When we practice goodness, it becomes a habit, where we’re choosing how to reduce harm moment to moment. We’re just attuned to choosing what will reduce harm. For me, that’s another way that we get swept up: we’re reprogramming ourselves to choose what is conducive to liberation. I want to get lost in that so that everything I do becomes an expression of goodness and therefore an expression of virtue.

One stream of awakened care is love, which you describe as a form of radical acceptance. Can you say more about how you’ve come to understand love? It’s hard to change when you haven’t really told the truth about what’s actually happening, and so the first expression of love is actually allowing ourselves to hold space for everything that’s arising. This is how it is. I don’t have to like it; I just have to name it and notice it.

I think what keeps us from doing that profound radical work of love is heartbreak. When I start telling the truth about how things really are, then my heart is going to break because I have been so concerned with telling myself narratives about how I want things to be in order to feel good about what’s happening. When I let go of that and say, “This is it. This is what’s happening,” my heart breaks, which is the experience of having to touch into this deep disappointment.

Once I start doing that, then there’s an honesty that awakens, and that profound holding becomes love. This is what’s happening, and therefore, I can make a choice to change what needs to change now because I’m not lost in these delusions and narratives about how I think things are; I know how things are. It creates a deeper intimacy with all phenomena and all beings, because you’re with the truth now, and you know that the truth is that everything and everyone deserves to be free.

Another aspect of the work of the New Saint is reclaiming beauty while also disrupting capitalism and overconsumption. So how can beauty help us access the sublime and the transcendent? When I surrender to beauty, I’m letting go of the ways in which I’m protecting and guarding myself. I’m allowing myself to expand, and I’m letting go of the sense of who I think I am, and then beginning to experience and touch into the actual expression of spaciousness. And when I do that, things get more fluid and more inviting. The world becomes less antagonistic, less rigid, less sharp. It becomes more translucent for me when I’m surrendering and opening. And that is the experience of the sublime. That translucent fluidity really is about connecting to this ultimate experience of emptiness itself. But it’s not about materialism. And so instead of accumulating luxury goods that I can’t afford, I connect to the energetic expression of beauty, which feeds a deeper sense of self-worth. That self-worth is about me wanting not to suffer and wanting to actually experience ultimate liberation.
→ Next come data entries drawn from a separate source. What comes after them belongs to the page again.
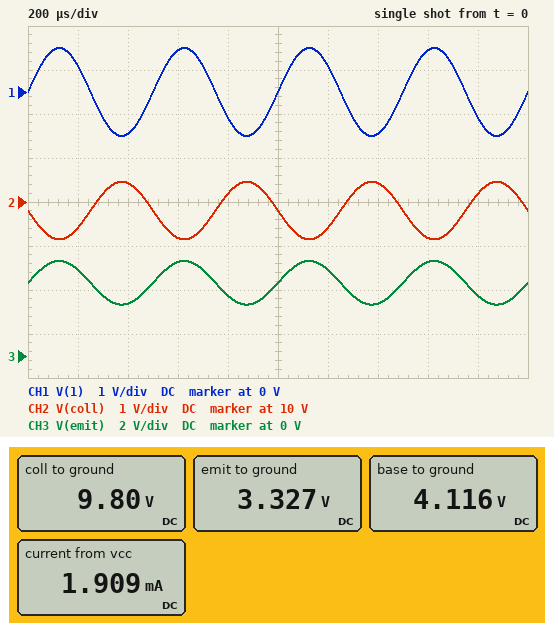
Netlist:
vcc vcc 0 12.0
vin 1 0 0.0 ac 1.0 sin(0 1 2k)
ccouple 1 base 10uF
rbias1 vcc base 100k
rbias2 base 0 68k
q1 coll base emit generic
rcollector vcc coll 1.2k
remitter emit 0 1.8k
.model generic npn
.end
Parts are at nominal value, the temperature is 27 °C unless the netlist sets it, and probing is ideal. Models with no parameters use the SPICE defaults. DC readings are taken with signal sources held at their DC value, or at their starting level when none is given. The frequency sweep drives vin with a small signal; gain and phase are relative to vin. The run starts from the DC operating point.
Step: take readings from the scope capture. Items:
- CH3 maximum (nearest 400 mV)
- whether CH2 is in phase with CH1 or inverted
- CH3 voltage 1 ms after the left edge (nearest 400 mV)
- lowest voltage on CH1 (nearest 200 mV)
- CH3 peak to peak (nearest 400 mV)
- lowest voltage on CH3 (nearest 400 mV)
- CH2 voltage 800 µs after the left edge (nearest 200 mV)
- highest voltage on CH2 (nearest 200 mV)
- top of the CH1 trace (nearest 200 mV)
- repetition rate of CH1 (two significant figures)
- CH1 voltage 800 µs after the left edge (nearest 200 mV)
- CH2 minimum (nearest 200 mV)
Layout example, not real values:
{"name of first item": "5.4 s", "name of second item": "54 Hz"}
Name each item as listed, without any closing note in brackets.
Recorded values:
{"CH3 maximum": "4.4 V", "whether CH2 is in phase with CH1 or inverted": "inverted", "CH3 voltage 1 ms after the left edge": "3.2 V", "lowest voltage on CH1": "-1.0 V", "CH3 peak to peak": "2.0 V", "lowest voltage on CH3": "2.4 V", "CH2 voltage 800 µs after the left edge": "10.2 V", "highest voltage on CH2": "10.4 V", "top of the CH1 trace": "1.0 V", "repetition rate of CH1": "2.0 kHz", "CH1 voltage 800 µs after the left edge": "-600 mV", "CH2 minimum": "9.2 V"}
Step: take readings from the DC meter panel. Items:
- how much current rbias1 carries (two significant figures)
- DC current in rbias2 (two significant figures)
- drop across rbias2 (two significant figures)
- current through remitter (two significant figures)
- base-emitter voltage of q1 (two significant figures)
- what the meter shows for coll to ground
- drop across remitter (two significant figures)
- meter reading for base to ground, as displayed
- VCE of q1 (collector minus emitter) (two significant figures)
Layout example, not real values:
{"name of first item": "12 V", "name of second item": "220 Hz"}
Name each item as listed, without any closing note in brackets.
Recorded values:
{"how much current rbias1 carries": "79 µA", "DC current in rbias2": "61 µA", "drop across rbias2": "4.1 V", "current through remitter": "1.8 mA", "base-emitter voltage of q1": "790 mV", "what the meter shows for coll to ground": "9.80 V", "drop across remitter": "3.3 V", "meter reading for base to ground, as displayed": "4.116 V", "VCE of q1 (collector minus emitter)": "6.5 V"}
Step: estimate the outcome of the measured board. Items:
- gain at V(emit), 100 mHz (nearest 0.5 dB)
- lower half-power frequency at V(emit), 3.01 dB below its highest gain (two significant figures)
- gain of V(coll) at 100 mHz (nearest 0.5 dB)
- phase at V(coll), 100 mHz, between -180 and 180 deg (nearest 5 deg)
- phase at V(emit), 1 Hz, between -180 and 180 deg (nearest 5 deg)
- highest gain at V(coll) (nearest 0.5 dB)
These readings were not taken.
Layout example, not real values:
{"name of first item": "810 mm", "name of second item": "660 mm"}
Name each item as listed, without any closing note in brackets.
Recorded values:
{"gain at V(emit), 100 mHz": "-14.0 dB", "lower half-power frequency at V(emit), 3.01 dB below its highest gain": "480 mHz", "gain of V(coll) at 100 mHz": "-17.5 dB", "phase at V(coll), 100 mHz, between -180 and 180 deg": "-100 deg", "phase at V(emit), 1 Hz, between -180 and 180 deg": "25 deg", "highest gain at V(coll)": "-3.5 dB"}
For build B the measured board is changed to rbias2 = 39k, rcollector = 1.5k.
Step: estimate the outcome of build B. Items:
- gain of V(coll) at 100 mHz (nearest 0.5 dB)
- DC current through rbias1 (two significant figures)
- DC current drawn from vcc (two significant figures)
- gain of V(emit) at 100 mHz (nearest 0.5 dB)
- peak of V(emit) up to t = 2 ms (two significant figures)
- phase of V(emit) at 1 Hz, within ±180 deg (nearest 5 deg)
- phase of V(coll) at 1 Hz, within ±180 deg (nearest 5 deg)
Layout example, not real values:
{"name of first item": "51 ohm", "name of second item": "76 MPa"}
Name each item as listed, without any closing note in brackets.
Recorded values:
{"gain of V(coll) at 100 mHz": "-18.0 dB", "DC current through rbias1": "90 µA", "DC current drawn from vcc": "1.3 mA", "gain of V(emit) at 100 mHz": "-16.5 dB", "peak of V(emit) up to t = 2 ms": "3.2 V", "phase of V(emit) at 1 Hz, within ±180 deg": "35 deg", "phase of V(coll) at 1 Hz, within ±180 deg": "-145 deg"}
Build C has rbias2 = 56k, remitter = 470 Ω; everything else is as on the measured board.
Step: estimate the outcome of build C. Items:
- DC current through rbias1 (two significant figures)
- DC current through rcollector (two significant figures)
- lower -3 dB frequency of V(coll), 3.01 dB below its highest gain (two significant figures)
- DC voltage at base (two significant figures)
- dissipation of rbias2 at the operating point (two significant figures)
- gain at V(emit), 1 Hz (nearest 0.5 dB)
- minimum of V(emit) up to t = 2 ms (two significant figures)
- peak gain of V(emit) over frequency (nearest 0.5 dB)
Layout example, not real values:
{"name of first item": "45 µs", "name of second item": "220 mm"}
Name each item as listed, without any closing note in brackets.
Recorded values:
{"DC current through rbias1": "92 µA", "DC current through rcollector": "4.2 mA", "lower -3 dB frequency of V(coll), 3.01 dB below its highest gain": "770 mHz", "DC voltage at base": "2.8 V", "dissipation of rbias2 at the operating point": "140 µW", "gain at V(emit), 1 Hz": "-2.0 dB", "minimum of V(emit) up to t = 2 ms": "1.0 V", "peak gain of V(emit) over frequency": "0 dB"}
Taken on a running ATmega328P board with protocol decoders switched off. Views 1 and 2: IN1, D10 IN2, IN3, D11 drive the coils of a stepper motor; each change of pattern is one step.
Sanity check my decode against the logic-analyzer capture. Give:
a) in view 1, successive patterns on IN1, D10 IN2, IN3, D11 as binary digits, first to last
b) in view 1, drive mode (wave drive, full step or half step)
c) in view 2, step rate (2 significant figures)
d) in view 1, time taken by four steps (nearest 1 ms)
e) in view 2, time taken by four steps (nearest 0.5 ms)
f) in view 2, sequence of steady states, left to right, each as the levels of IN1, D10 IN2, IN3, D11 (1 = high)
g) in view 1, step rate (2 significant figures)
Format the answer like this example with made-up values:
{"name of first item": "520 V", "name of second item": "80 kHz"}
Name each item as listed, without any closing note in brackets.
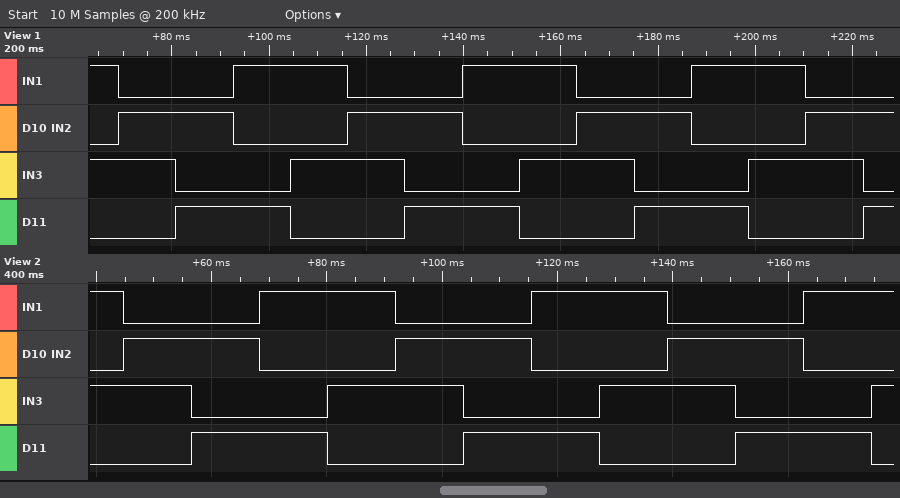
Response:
{"in view 1, successive patterns on IN1, D10 IN2, IN3, D11 as binary digits, first to last": "1010 0110 0101 1001 1010 0110 0101 1001 1010 0110 0101 1001 1010 0110 0101", "in view 1, drive mode": "full step", "in view 2, step rate": "85 steps/s", "in view 1, time taken by four steps": "47 ms", "in view 2, time taken by four steps": "47.0 ms", "in view 2, sequence of steady states, left to right, each as the levels of IN1, D10 IN2, IN3, D11": "1010 0110 0101 1001 1010 0110 0101 1001 1010 0110 0101 1001 1010", "in view 1, step rate": "85 steps/s"}
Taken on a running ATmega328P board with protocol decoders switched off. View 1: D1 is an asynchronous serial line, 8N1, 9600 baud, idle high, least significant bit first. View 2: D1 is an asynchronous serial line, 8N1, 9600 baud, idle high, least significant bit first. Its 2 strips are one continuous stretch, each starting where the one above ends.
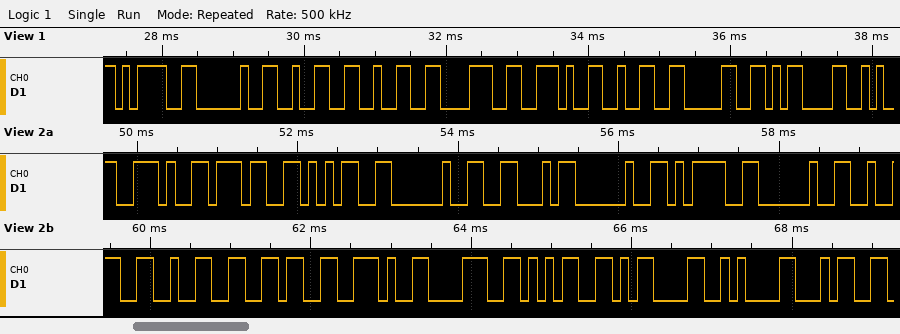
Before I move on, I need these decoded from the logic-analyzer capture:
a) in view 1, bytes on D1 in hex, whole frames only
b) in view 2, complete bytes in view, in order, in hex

3D 20 32 32 38 2E 32 30 0D
0x2E 0x37 0x35 0x20 0x46 0x20 0x3D 0x20 0x32 0x32 0x36 0x2E 0x38 0x35 0x0D 0x0A 0x34

Let’s go a step further and talk about desire. You say that yearning is the first step in touching the divine. How have you learned to work with and channel yearning? You have to want to get free. Desire or yearning is the last thing we give up before ultimate enlightenment. That yearning for enlightenment is going to take us to the threshold, and to go beyond that threshold, we have to let go of wanting to get free, which I think will be a really hard choice to make. But I am training myself to yearn for things that lead to freedom, liberation, fluidity, and movement, not to continue yearning for the things that create rigidity and separateness. And the more I yearn and the more I practice, the more I begin to experience what freedom is, so I know that this is what I should be focusing on: not the rigidity but the experience of getting open and clear and translucent and fluid. That’s it. And so I just start yearning for it. In the same way that we yearn for our bad habits, we can start yearning for experiences of liberation.